## dplyr & tidyr 

The remainder of the course will be about data formatting, summarization and visualization. It is entirely possible to do these things using base R. However in recent years better alternatives have been developed. Now that the basic R syntax has been explained, it is time to introduce a more consistent and easier to read syntax created by Hadley Wickham in the form of key packages `dplyr`, `tidyr` and `ggplot2`. Most operations can be performed with `dplyr` and `tidyr`, and `ggplot2` can handle most visualizations. It is however still necessary to know the basic R syntax - especially for more complicated and specific statistical analysis for which many methods exist. We will explain method (dispatch) in the visualization paragraph. 

First install and load the packages:  (installation has already been done for the course)

In [None]:
#install.packages(c("dplyr", "tidyr", "ggplot2"))
library(dplyr)
library(tidyr)
library(ggplot2)

### tidyr & dplyr syntax

Advantages:  
** Piping `%>%` more readable: data flow operator from left to right    
** Tibble, nicer implementation of data.frame  
** Consistent language: `filter`, `select`, `mutate`,  `summarise` and `arrange`  
** Explicit function names (function names do what they say)  

Overview:  
row selection:  `filter(iris, Sepal.Length >6)`  
column selection: `select(iris, Species : Petal.Length)`  
Calculations: `mutate(iris, Petal.Ratio = Petal.Width / Petal.Length)`  
Define annotation: `group_by(iris, Species)` For summarizing or joining tables  
Summarize based on group annotation: `summarise(iris, n = n(), mean.Petal.Ratio = mean(Petal.Ratio))` 
Row order the table: `arrange(iris, desc(mean.Petal.Ratio))` 
Merging tables based on a shared column id: `left_join()`, `full_join()` 

For example, using the dplyr syntax on `my_dataframe`:  

In [None]:
my_dataframe %>% filter( names %in% c("Margriet", "Elke") ) %>%
  select(names:hobbies) # select columns from names to hobbies

To perform calculations on a data frame and perform a statistical summary:  

In [None]:
my_dataframe %>% 
  mutate(nonsensicle_confidence_limits = 1.97*sd(fakeage)/sqrt(3)) %>%
  group_by(sex) %>%
  summarize(n = n(), total_age = sum(fakeage), CoV = sd(fakeage)/total_age )

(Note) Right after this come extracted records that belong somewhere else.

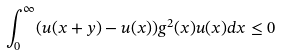<formula> <loc_0><loc_0><loc_500><loc_500>\int _ { 0 } ^ { \infty } ( u ( x + y ) - u ( x ) ) g ^ { 2 } ( x ) u ( x ) d x \leq 0</formula> 
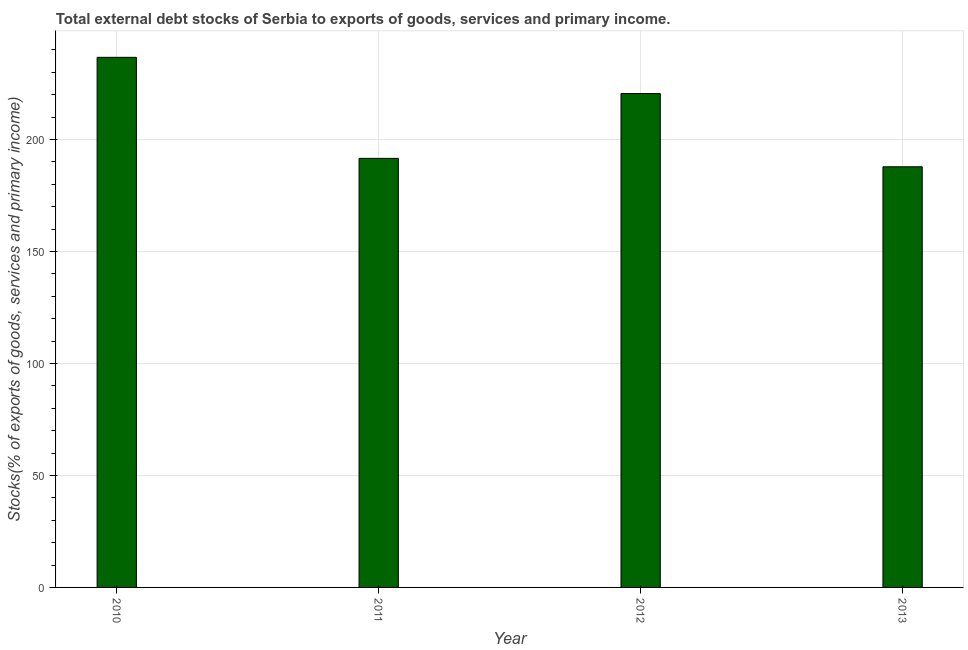Does the graph contain grids?
Give a very brief answer. Yes. What is the title of the graph?
Offer a very short reply. Total external debt stocks of Serbia to exports of goods, services and primary income. What is the label or title of the Y-axis?
Ensure brevity in your answer.  Stocks(% of exports of goods, services and primary income). What is the external debt stocks in 2013?
Offer a terse response. 187.8. Across all years, what is the maximum external debt stocks?
Keep it short and to the point. 236.67. Across all years, what is the minimum external debt stocks?
Provide a succinct answer. 187.8. In which year was the external debt stocks maximum?
Make the answer very short. 2010. What is the sum of the external debt stocks?
Provide a short and direct response. 836.52. What is the difference between the external debt stocks in 2010 and 2013?
Give a very brief answer. 48.87. What is the average external debt stocks per year?
Give a very brief answer. 209.13. What is the median external debt stocks?
Offer a terse response. 206.03. What is the ratio of the external debt stocks in 2010 to that in 2013?
Provide a succinct answer. 1.26. Is the external debt stocks in 2010 less than that in 2011?
Your response must be concise. No. Is the difference between the external debt stocks in 2010 and 2011 greater than the difference between any two years?
Make the answer very short. No. What is the difference between the highest and the second highest external debt stocks?
Make the answer very short. 16.17. Is the sum of the external debt stocks in 2010 and 2013 greater than the maximum external debt stocks across all years?
Offer a very short reply. Yes. What is the difference between the highest and the lowest external debt stocks?
Give a very brief answer. 48.87. In how many years, is the external debt stocks greater than the average external debt stocks taken over all years?
Give a very brief answer. 2. Are all the bars in the graph horizontal?
Your response must be concise. No. How many years are there in the graph?
Offer a terse response. 4. What is the Stocks(% of exports of goods, services and primary income) of 2010?
Give a very brief answer. 236.67. What is the Stocks(% of exports of goods, services and primary income) of 2011?
Give a very brief answer. 191.56. What is the Stocks(% of exports of goods, services and primary income) of 2012?
Your response must be concise. 220.5. What is the Stocks(% of exports of goods, services and primary income) in 2013?
Keep it short and to the point. 187.8. What is the difference between the Stocks(% of exports of goods, services and primary income) in 2010 and 2011?
Provide a succinct answer. 45.11. What is the difference between the Stocks(% of exports of goods, services and primary income) in 2010 and 2012?
Ensure brevity in your answer.  16.17. What is the difference between the Stocks(% of exports of goods, services and primary income) in 2010 and 2013?
Give a very brief answer. 48.87. What is the difference between the Stocks(% of exports of goods, services and primary income) in 2011 and 2012?
Offer a very short reply. -28.94. What is the difference between the Stocks(% of exports of goods, services and primary income) in 2011 and 2013?
Offer a very short reply. 3.76. What is the difference between the Stocks(% of exports of goods, services and primary income) in 2012 and 2013?
Ensure brevity in your answer.  32.7. What is the ratio of the Stocks(% of exports of goods, services and primary income) in 2010 to that in 2011?
Your answer should be compact. 1.24. What is the ratio of the Stocks(% of exports of goods, services and primary income) in 2010 to that in 2012?
Ensure brevity in your answer.  1.07. What is the ratio of the Stocks(% of exports of goods, services and primary income) in 2010 to that in 2013?
Your answer should be compact. 1.26. What is the ratio of the Stocks(% of exports of goods, services and primary income) in 2011 to that in 2012?
Your answer should be compact. 0.87. What is the ratio of the Stocks(% of exports of goods, services and primary income) in 2012 to that in 2013?
Your answer should be compact. 1.17.

In the example above the `mutate` call calculates the confidence limits and adds it as a new column.  
The `group_by` call is needed to group the data frame by sex, so that R knows over what levels to summarize over in the next line. The `n = n()` gives us the number of rows summarized over, then two more calculations are performed as extra arguments to the `summarise` call; the sum of the age of the males/females, and the coefficient of variation.  

* exercise: After observing the following code, rewrite it with pipes and `dplyr` syntax: 
hint: run line by line and observe the result, some functions like `aggregate` have not been treated but by looking at the result will make its function it obvious.  

In [None]:
tmp <- iris[ iris$Sepal.Length > 6, ]
tmp <- tmp[, c("Species", "Petal.Width", "Petal.Length")]
tmp$Petal.Ratio <- tmp$Petal.Width / tmp$Petal.Length
tmp2 <- aggregate(Petal.Ratio ~ Species, data = tmp, FUN = length)
tmp <- aggregate(Petal.Ratio ~ Species, data = tmp, FUN = mean)
colnames(tmp)[2] <- "mean.Petal.Ratio"
colnames(tmp2)[2] <- "n"
tmp <- merge(tmp2, tmp, by = "Species")
tmp[ rev(order(tmp$mean.Petal.Ratio)), ]